Climate Change really isn’t so bad right now so doesn’t that make it her problem? And shouldn’t we just leave it for her to solve? (Credit: CTV News)

Some of you out there may be familiar with an old British comedy series called “Yes Minister / Yes Prime Minister”. The premise of the show was that a Minister in Her Majesty’s Government, Prime Minister in the second year of the show, named James Hacker matches wits with his chief Civil Servant named Sir Humphrey Appleby. The politician Hacker wants to achieve great things so that he can get re-elected while the bureaucrat Appleby wants to slow everything down with red tape. It was without doubt one of the most intelligent TV shows ever written.

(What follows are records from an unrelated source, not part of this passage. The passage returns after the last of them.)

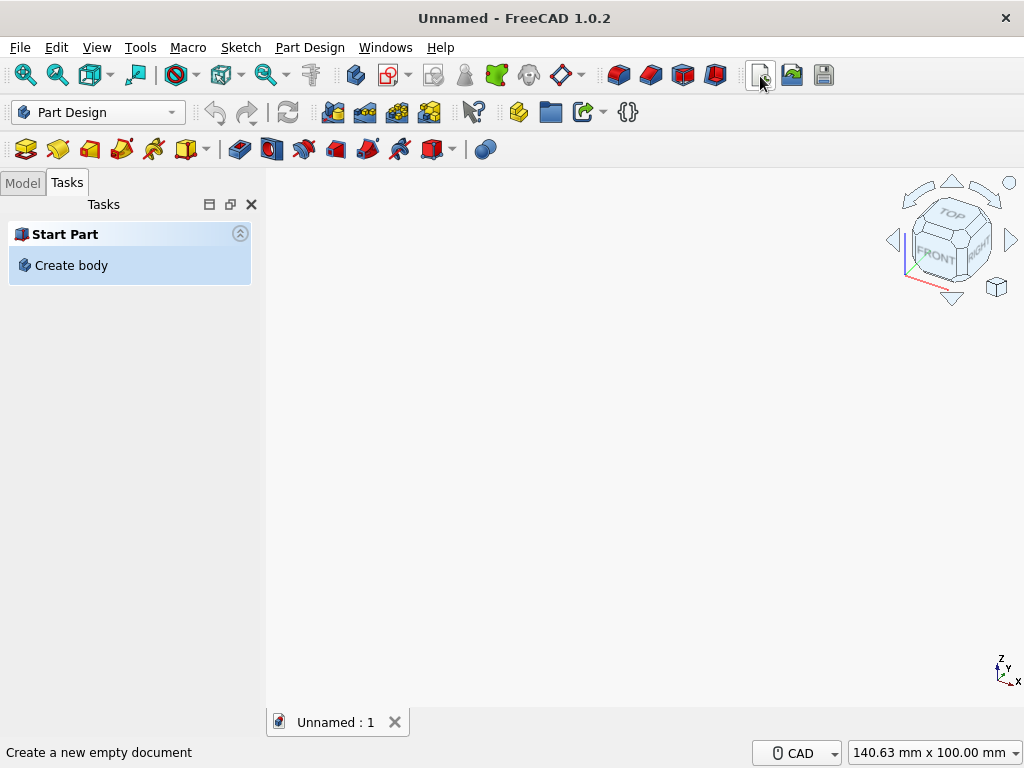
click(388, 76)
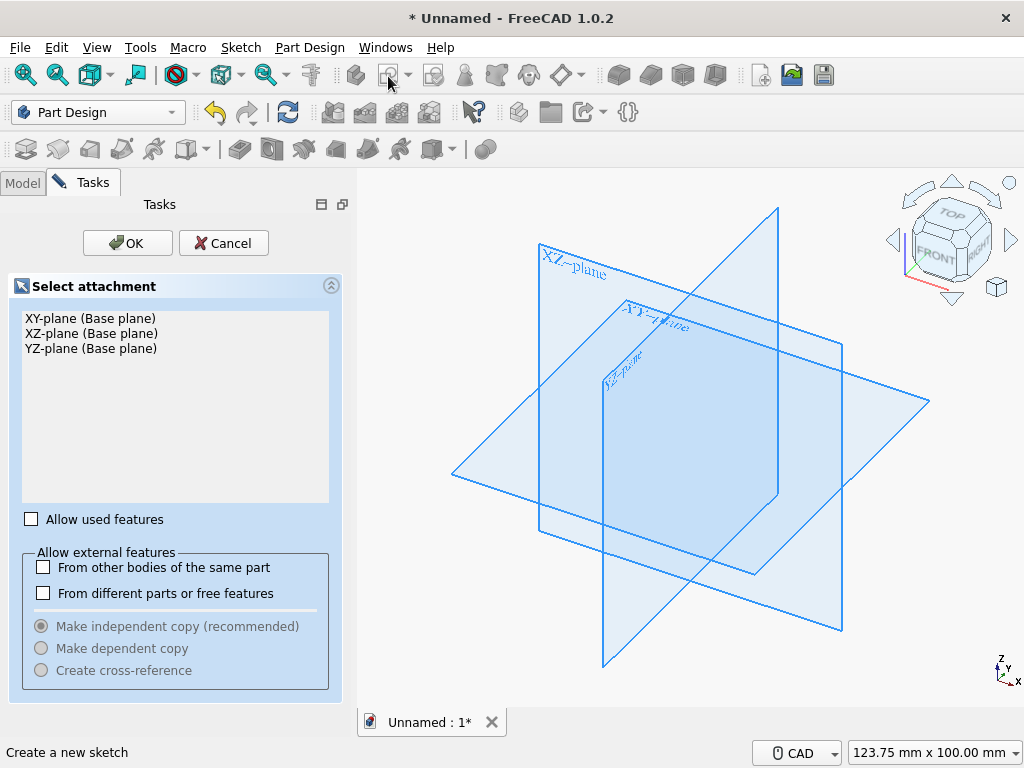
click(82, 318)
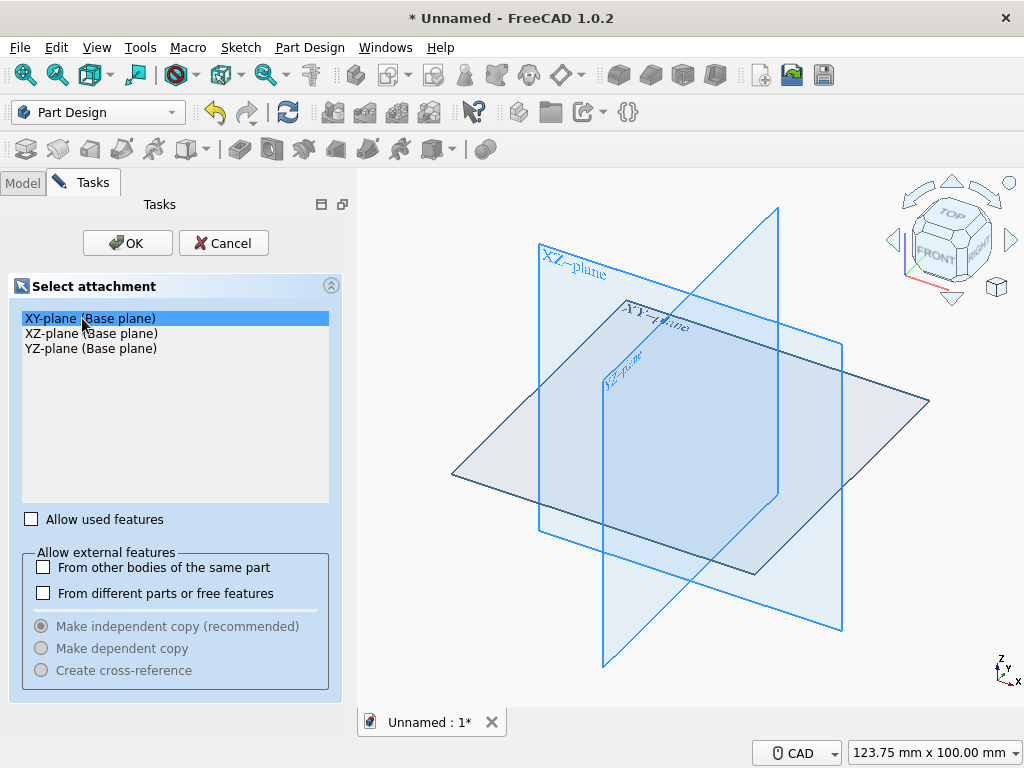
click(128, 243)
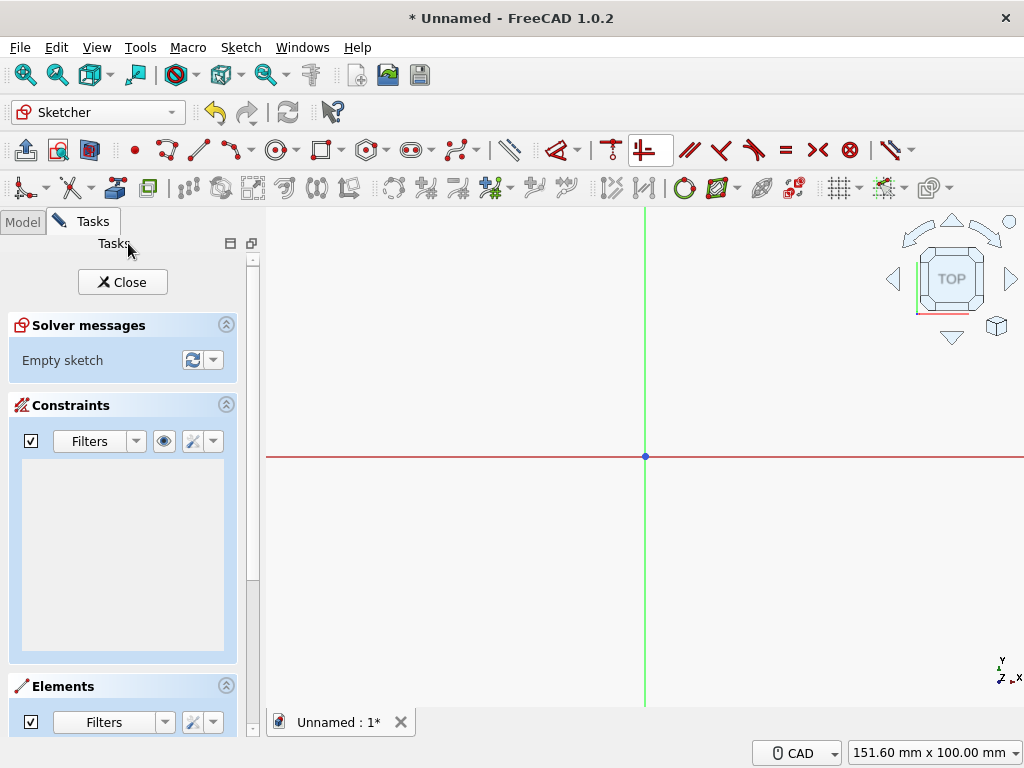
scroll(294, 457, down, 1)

If you’ve never seen the BBC comedy ‘Yes Minister / Yes Prime Minister’ I can only recommend it as the most intelligent comedy I’ve ever seen. (Credit: Amazon.com)

In one episode the two are arguing over exactly what constitutes efficient government. A local city council has been providing services to their people without high taxes, Minister Hacker calls that efficient. “But they haven’t been filling out their forms and submitting them,” Sir Humphrey complains, “So we don’t know what they’re doing.” The best line comes when Sir Humphrey proclaims. “We don’t measure our success by our accomplishments but by our activity!”

The Right Honourable James Hacker MP (l) with his department’s permanent Secretary Sir Humphrey Appleby (r). You’ll learn a lot about how government functions while laughing your head off! (Credit: BritBox)

On that basis COP26 has been a great success because there was certainly an enormous amount of activity by hundreds of bureaucrats who did finally manage to get everyone to sign on to a massive agreement. Whether that agreement actually accomplishes anything at all only time will tell.